Recon3D represents the most comprehensive human metabolic network model to date, accounting for 3,288 open reading frames (representing 17% of functionally annotated human genes), 13,543 metabolic reactions involving 4,140 unique metabolites, and 12,890 protein structures. These data provide a unique resource for investigating molecular mechanisms of human metabolism.
The Human Protein Atlas (HPA) enables the simultaneous characterization of thousands of proteins across various tissues to pinpoint their spatial location in the human body. This has been achieved through transcriptomics and high-throughput immunohistochemistry-based approaches, where over 40 000 unique human protein fragments have been expressed in E. coli. These datasets enable quantitative tracking of entire cellular proteomes and present new avenues for understanding molecular-level properties influencing expression and solubility.
Biomimicry is a strategy that makes practical use of evolution to find efficient and sustainable ways to produce chemical compounds or engineer products. Exploring the natural machinery of enzymes for the production of desired compounds is a highly profitable investment, but the design of efficient biomimetic systems remains a considerable challenge.
Characterizing post-translational modifications in prokaryote metabolism using a multi-scale workflow
Understanding the complex interactions of protein posttranslational modifications (PTMs) represents a major challenge in metabolic engineering, synthetic biology, and the biomedical sciences. Here, we present a workflow that integrates multiplex automated genome editing (MAGE), genome-scale metabolic modeling, and atomistic molecular dynamics to study the effects of PTMs on metabolic enzymes and microbial fitness.

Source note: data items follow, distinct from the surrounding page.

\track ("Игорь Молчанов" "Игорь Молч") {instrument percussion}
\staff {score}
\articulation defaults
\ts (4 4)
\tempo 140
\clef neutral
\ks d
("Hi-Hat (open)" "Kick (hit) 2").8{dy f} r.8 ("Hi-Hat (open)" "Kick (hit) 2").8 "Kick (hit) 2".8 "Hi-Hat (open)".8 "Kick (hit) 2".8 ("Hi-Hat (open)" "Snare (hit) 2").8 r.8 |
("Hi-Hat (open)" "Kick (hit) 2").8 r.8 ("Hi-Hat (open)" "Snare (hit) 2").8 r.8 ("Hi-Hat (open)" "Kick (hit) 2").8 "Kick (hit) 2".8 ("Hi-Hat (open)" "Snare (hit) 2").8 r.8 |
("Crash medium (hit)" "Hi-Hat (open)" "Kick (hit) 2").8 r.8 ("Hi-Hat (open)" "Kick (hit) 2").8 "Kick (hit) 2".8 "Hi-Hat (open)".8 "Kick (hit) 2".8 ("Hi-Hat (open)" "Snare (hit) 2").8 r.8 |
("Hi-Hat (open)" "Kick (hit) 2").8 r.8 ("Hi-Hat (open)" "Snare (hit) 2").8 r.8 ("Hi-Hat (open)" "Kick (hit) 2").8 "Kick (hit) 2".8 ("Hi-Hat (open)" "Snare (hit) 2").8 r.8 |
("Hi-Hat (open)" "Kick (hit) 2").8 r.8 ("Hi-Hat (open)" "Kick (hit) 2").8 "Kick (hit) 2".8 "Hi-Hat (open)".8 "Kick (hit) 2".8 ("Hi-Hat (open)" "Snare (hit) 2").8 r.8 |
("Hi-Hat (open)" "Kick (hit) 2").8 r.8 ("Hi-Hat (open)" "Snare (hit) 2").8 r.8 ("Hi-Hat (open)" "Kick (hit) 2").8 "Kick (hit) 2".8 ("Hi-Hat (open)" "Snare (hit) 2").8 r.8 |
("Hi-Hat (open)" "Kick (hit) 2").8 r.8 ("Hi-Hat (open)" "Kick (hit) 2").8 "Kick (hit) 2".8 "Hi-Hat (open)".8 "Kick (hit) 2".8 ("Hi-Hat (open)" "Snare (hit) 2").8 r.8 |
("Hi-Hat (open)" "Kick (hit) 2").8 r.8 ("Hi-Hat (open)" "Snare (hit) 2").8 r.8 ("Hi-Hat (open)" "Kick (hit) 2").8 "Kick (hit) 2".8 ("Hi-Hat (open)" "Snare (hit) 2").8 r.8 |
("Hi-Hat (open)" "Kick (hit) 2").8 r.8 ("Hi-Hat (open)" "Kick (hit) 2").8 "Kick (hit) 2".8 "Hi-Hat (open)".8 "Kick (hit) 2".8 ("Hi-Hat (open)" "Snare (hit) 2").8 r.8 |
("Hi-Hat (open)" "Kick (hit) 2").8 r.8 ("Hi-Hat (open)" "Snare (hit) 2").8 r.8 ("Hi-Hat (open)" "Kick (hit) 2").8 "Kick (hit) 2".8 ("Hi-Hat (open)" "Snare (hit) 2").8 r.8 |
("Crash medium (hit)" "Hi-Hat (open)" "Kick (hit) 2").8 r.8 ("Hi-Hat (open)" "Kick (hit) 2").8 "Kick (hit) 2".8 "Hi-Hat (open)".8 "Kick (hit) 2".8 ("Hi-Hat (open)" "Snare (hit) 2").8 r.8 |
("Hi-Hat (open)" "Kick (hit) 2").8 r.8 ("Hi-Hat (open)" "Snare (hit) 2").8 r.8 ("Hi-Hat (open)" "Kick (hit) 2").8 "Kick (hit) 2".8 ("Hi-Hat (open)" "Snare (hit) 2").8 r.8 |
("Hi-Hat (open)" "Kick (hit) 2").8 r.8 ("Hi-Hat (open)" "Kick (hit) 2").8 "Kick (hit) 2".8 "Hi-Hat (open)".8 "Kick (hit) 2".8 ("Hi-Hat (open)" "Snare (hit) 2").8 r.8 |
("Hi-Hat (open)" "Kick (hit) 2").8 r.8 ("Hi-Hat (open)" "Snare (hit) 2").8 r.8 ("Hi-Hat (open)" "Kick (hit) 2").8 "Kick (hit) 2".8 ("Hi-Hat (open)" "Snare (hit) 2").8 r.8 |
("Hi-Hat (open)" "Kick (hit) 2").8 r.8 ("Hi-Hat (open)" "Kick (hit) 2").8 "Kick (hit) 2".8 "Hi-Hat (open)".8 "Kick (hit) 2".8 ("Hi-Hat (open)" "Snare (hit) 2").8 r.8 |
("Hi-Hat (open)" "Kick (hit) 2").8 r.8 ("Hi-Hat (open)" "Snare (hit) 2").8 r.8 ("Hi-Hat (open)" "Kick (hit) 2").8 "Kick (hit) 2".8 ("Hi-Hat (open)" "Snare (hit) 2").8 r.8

Understanding the complex interactions that occur between heterologous and native biochemical pathways represents a major challenge in metabolic engineering and synthetic biology. We present a workflow that integrates metabolomics, proteomics, and genome-scale models of Escherichia coli metabolism to study the effects of introducing a heterologous pathway into a microbial host.
We develop advanced data integration methods for multi-level analysis of genomic, transcriptomic, ribosomal profiling, proteomic and fluxomic data. Integrating omics data with models enabled the discovery of two novel regularities: condition invariant in vivo turnover rates of enzymes and the correlation of protein structural motifs and translational pausing.